Records excerpted from a collection

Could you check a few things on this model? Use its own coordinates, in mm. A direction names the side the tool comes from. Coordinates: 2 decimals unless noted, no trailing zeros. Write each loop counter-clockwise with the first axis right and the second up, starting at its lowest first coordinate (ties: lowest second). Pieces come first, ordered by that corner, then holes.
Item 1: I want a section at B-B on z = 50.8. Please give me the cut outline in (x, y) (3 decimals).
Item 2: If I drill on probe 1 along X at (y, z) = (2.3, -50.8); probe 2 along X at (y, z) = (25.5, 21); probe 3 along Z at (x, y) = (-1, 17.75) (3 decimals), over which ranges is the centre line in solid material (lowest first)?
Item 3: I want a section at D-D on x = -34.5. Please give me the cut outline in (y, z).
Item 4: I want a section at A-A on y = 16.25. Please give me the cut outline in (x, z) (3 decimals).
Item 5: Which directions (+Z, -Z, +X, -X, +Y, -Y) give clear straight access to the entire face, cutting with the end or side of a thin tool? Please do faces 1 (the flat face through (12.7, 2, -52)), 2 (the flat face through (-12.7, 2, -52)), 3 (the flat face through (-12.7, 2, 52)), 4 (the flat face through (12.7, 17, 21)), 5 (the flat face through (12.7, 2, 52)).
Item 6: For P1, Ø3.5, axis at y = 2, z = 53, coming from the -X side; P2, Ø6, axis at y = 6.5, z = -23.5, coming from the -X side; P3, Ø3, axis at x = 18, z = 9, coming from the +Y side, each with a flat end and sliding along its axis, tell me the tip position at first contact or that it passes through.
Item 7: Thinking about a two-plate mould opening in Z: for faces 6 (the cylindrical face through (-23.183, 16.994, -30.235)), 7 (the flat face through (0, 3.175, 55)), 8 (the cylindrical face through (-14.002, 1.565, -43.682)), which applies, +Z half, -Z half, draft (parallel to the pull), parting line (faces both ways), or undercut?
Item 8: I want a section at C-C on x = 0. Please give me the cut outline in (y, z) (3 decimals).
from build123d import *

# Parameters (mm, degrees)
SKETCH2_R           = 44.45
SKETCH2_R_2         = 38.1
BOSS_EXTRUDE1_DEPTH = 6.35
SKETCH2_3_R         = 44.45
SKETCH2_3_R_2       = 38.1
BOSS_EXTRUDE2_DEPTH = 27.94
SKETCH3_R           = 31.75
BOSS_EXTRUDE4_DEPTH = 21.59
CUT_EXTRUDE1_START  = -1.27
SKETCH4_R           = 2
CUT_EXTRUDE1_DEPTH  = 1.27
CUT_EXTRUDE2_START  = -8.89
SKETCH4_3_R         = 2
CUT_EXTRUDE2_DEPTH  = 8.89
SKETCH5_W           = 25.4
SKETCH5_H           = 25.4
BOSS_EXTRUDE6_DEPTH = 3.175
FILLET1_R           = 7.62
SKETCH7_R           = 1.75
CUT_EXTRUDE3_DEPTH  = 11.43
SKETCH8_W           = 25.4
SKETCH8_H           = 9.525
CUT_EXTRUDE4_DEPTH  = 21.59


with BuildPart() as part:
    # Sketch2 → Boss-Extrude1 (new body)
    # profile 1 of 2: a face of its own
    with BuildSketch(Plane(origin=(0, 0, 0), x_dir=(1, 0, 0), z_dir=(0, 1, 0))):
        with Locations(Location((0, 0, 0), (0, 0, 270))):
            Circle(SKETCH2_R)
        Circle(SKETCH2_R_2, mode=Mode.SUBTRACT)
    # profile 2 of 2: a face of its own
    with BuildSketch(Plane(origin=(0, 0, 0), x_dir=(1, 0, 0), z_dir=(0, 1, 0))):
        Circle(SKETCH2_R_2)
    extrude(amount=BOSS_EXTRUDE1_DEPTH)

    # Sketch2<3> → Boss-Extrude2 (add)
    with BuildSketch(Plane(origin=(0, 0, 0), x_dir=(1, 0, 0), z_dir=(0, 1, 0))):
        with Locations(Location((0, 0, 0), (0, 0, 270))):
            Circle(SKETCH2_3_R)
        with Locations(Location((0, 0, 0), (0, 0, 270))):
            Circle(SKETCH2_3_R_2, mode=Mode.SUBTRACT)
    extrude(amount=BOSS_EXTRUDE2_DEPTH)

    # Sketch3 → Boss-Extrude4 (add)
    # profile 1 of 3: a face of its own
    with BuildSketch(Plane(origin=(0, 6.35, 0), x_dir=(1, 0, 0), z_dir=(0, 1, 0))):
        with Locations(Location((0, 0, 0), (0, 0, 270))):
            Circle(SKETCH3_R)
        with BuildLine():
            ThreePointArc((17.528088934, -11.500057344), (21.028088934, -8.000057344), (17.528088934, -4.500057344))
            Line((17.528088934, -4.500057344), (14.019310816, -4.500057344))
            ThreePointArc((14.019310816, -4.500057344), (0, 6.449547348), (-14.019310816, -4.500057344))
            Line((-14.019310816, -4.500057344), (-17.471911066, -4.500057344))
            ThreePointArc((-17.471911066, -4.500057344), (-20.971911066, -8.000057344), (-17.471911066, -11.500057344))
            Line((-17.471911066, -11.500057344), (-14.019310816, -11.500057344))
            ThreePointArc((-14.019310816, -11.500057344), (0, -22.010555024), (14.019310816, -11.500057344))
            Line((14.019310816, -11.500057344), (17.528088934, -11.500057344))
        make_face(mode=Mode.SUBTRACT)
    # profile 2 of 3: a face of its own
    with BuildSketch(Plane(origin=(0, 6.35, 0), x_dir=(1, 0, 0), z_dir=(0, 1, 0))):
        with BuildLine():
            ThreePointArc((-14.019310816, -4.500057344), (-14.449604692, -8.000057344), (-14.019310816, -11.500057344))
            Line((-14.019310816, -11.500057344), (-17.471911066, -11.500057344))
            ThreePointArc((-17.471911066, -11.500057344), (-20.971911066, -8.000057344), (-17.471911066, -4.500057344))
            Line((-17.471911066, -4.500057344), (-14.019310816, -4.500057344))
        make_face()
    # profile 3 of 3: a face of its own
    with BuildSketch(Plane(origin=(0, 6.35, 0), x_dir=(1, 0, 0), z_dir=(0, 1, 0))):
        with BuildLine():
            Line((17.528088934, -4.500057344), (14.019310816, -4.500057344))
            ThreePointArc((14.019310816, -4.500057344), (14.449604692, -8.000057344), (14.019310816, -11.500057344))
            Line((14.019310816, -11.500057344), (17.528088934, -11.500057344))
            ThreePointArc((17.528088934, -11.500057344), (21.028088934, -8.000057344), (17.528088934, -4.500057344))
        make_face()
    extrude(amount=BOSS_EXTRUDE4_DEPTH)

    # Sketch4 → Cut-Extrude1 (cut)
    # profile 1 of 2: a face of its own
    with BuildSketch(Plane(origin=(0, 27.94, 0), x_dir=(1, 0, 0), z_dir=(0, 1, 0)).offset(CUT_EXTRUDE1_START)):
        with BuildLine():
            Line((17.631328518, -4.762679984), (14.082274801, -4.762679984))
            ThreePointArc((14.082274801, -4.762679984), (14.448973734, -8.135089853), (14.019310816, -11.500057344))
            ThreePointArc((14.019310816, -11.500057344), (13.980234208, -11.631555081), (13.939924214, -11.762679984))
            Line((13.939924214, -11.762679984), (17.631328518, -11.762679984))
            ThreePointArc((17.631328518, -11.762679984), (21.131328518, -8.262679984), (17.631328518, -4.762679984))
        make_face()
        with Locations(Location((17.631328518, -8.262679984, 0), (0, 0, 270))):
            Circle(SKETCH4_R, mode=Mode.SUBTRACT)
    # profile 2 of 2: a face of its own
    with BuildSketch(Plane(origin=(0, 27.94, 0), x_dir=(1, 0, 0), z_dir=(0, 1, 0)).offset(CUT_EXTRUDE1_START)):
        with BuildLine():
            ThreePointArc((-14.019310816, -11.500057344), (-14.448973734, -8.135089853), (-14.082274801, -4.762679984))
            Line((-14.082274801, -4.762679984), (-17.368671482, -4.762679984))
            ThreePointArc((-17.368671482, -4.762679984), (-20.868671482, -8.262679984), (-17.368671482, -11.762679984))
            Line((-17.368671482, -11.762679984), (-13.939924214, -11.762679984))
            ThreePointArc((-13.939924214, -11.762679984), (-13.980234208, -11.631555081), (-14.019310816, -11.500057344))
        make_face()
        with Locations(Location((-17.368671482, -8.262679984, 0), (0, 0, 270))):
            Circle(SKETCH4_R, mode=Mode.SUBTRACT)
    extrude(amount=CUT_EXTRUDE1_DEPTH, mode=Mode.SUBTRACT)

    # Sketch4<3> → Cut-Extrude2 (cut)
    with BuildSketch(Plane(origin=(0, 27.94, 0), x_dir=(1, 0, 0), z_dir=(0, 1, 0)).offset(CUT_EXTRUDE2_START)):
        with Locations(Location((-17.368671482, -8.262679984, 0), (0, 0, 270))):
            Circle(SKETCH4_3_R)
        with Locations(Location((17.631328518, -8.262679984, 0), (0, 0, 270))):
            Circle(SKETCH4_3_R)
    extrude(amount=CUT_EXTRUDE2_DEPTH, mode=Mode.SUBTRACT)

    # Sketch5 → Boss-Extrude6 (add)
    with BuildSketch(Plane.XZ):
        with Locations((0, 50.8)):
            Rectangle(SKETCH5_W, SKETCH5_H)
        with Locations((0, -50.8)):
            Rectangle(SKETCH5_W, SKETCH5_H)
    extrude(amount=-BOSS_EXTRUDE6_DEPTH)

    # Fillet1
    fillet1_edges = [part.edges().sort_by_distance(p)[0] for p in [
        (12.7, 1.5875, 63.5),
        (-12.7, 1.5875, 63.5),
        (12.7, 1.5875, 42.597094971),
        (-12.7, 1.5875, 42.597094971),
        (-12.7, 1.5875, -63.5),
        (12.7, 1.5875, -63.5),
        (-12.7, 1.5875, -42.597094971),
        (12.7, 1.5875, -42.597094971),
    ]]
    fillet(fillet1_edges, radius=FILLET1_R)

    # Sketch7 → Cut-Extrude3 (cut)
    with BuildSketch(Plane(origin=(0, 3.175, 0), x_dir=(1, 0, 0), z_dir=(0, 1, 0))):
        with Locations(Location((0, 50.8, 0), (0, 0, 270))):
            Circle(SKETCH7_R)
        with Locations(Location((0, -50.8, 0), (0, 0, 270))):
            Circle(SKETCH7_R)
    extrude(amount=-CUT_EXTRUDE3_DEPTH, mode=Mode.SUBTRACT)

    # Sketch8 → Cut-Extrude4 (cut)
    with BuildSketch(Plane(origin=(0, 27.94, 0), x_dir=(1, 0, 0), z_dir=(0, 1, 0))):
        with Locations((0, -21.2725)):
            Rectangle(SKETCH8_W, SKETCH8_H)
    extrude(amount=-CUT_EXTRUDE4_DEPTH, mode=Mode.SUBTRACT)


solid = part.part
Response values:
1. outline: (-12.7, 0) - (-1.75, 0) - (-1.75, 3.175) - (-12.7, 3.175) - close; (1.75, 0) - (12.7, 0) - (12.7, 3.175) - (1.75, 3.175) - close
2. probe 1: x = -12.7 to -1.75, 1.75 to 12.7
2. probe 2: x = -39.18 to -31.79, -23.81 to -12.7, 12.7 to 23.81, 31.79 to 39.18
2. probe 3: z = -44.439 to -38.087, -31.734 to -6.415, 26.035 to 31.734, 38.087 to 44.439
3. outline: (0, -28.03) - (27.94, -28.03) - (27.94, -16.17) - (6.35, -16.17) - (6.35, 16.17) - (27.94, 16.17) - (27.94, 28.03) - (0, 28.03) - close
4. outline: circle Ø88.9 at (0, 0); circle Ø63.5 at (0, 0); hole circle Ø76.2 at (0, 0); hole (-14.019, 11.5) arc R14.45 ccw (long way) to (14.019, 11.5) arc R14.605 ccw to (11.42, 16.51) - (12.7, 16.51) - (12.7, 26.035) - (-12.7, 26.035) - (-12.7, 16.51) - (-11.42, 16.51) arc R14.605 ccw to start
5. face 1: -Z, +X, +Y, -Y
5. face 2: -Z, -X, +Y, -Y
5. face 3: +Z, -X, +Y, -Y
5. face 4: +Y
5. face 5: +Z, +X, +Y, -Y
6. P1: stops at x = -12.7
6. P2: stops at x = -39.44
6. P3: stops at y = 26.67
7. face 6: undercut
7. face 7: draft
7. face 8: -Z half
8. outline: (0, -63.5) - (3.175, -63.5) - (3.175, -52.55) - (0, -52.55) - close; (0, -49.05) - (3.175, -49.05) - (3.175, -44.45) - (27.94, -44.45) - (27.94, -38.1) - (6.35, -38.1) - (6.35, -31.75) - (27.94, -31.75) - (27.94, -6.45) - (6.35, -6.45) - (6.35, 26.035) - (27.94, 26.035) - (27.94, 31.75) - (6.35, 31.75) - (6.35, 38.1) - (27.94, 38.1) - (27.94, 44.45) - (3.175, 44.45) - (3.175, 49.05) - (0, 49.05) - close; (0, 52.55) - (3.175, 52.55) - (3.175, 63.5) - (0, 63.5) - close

Required action →
What you give back should be only the lines of the records above, starting at the line with "Circle(SKETCH2_R)" and ending at the line with "# Sketch2<3> → Boss-Extrude2 (add)", restated word for word.

Reply to the exercise →
            Circle(SKETCH2_R)
        Circle(SKETCH2_R_2, mode=Mode.SUBTRACT)
    # profile 2 of 2: a face of its own
    with BuildSketch(Plane(origin=(0, 0, 0), x_dir=(1, 0, 0), z_dir=(0, 1, 0))):
        Circle(SKETCH2_R_2)
    extrude(amount=BOSS_EXTRUDE1_DEPTH)

    # Sketch2<3> → Boss-Extrude2 (add)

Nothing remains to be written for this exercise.